School of Artificial Intelligence and Data Science, Hebei University of Technology, Tianjin 300131, China.
Engineering Research Center of Intelligent Rehabilitation Device and Detection Technology, Ministry of Education, Tianjin 300131, China.
Sensors (Basel). 2021 Feb 6;21(4):1147. doi: 10.3390/s21041147.

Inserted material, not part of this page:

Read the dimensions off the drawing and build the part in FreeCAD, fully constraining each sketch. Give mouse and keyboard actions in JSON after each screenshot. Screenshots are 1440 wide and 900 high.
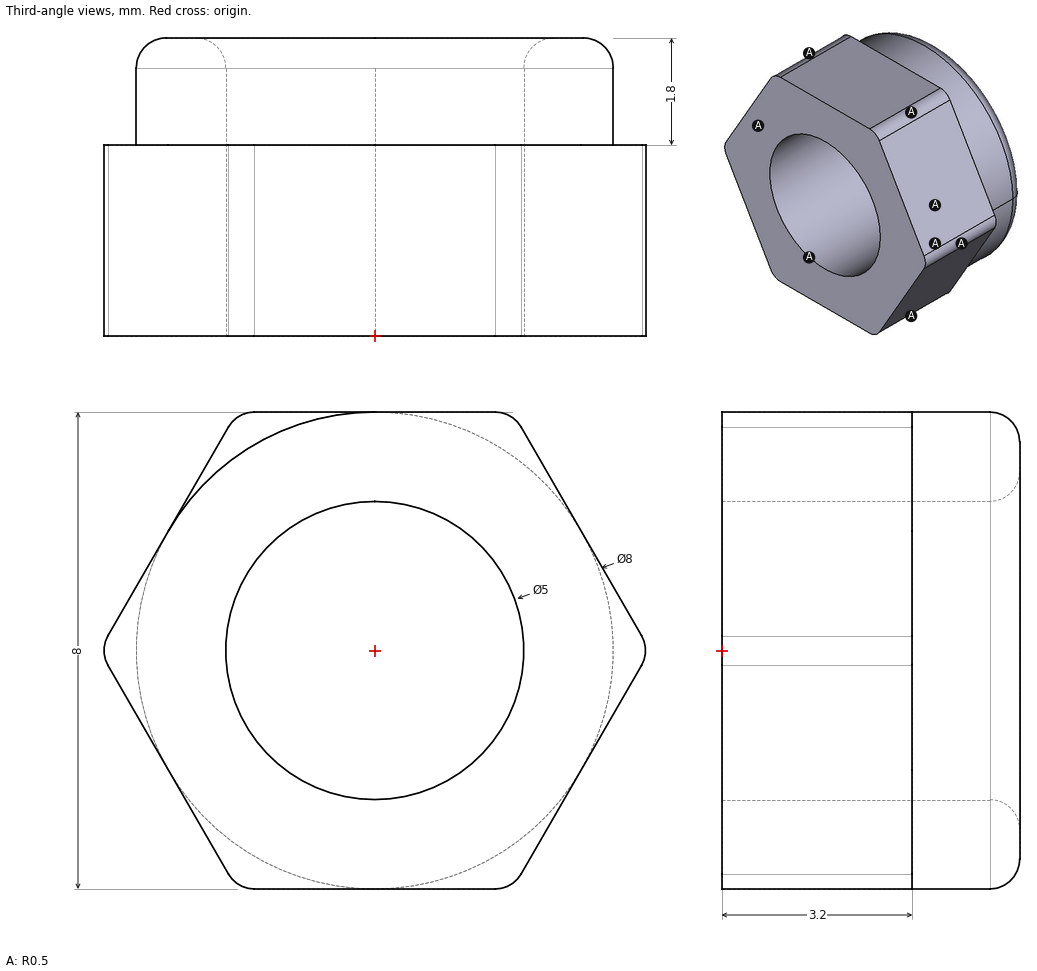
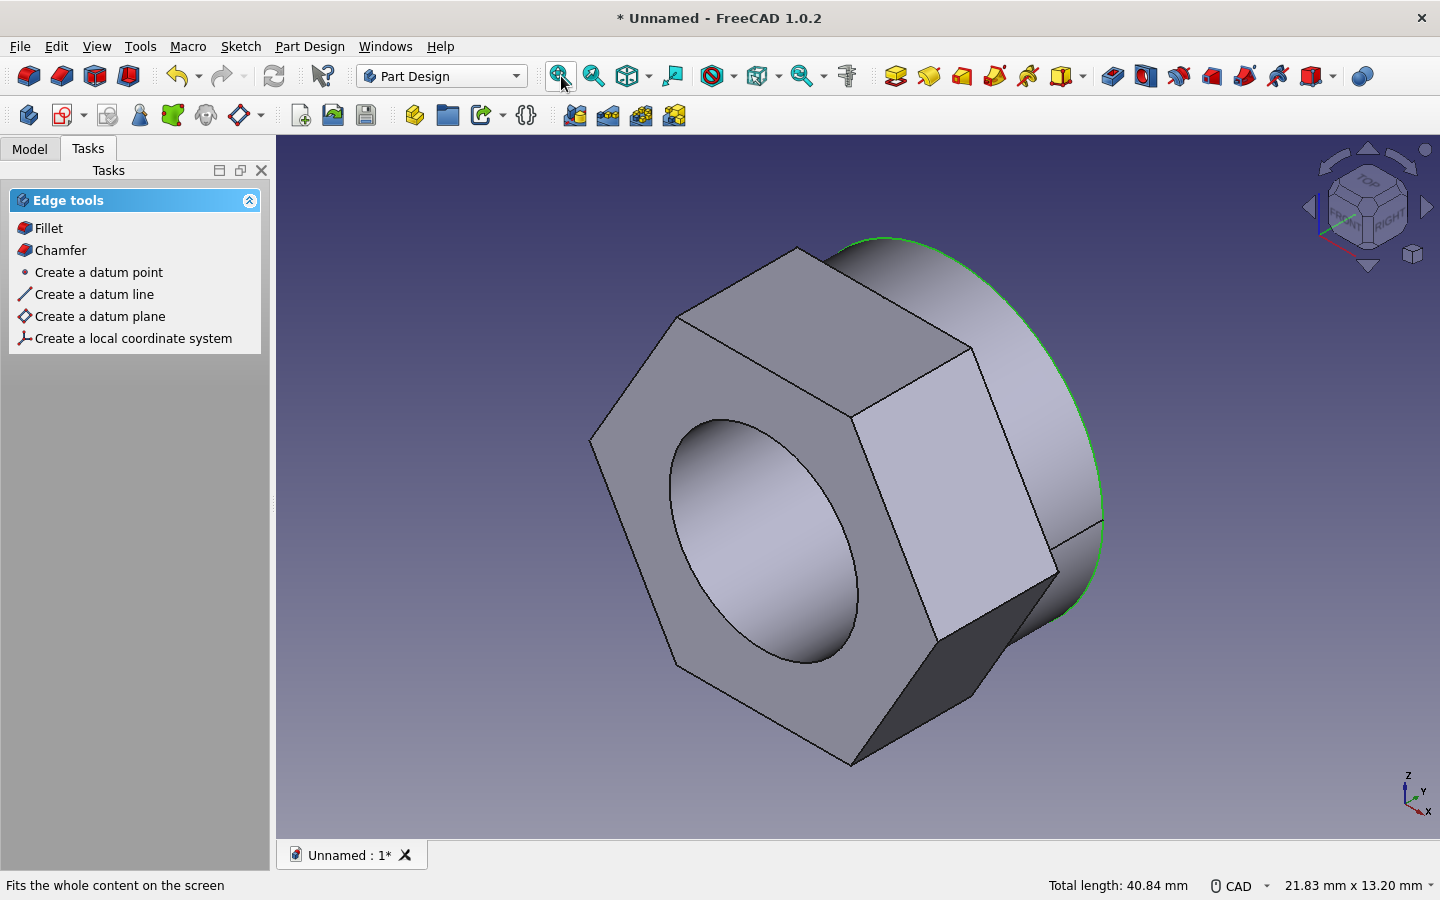
{"action": "left_click", "coordinate": [911, 382], "text": "ctrl"}

The intelligent prosthesis driven by electromyography (EMG) signal provides a solution for the movement of the disabled. The proper position of EMG sensors can improve the prosthesis's motion recognition ability. To exert the amputee's action-oriented ability and the prosthesis' control ability, the EMG spatial distribution and internal connection of the prosthetic wearer is analyzed in three kinds of movement conditions: appropriate angle, excessive angle, and angle too small. Firstly, the correlation characteristics between the EMG channels are analyzed by mutual information to construct a muscle functional network. Secondly, the network's features of different movement conditions are analyzed by calculating the characteristic of nodes and evaluating the importance of nodes. Finally, the convergent cross-mapping method is applied to construct a directed network, and the critical muscle groups which can reflect the user's movement intention are determined. Experiment shows that this method can accurately determine the EMG location and simplify the distribution of EMG sensors inside the prosthetic socket. The network characteristics of key muscle groups can distinguish different movements effectively and provide a new strategy for decoding the relationship between limb nerve control and body movement.
基于肌电信号的智能假肢为残疾人的运动提供了一种解决方案。肌电传感器的适当位置可以提高假肢的运动识别能力。为了发挥截肢者的动作导向能力和假肢的控制能力,对三种运动状态(适当角度、过大角度和角度过小)下的假肢穿戴者的肌电空间分布和内部连接进行了分析。首先,通过互信息分析肌电通道之间的相关特征,构建肌肉功能网络。其次,通过计算节点特征和评估节点重要性来分析不同运动状态下网络的特征。最后,应用收敛互映射方法构建有向网络,确定能够反映用户运动意图的关键肌肉群。实验表明,该方法可以准确确定肌电位置,并简化假肢插座内肌电传感器的分布。关键肌肉群的网络特征可以有效地区分不同的运动,并为解码肢体神经控制与身体运动之间的关系提供了一种新策略。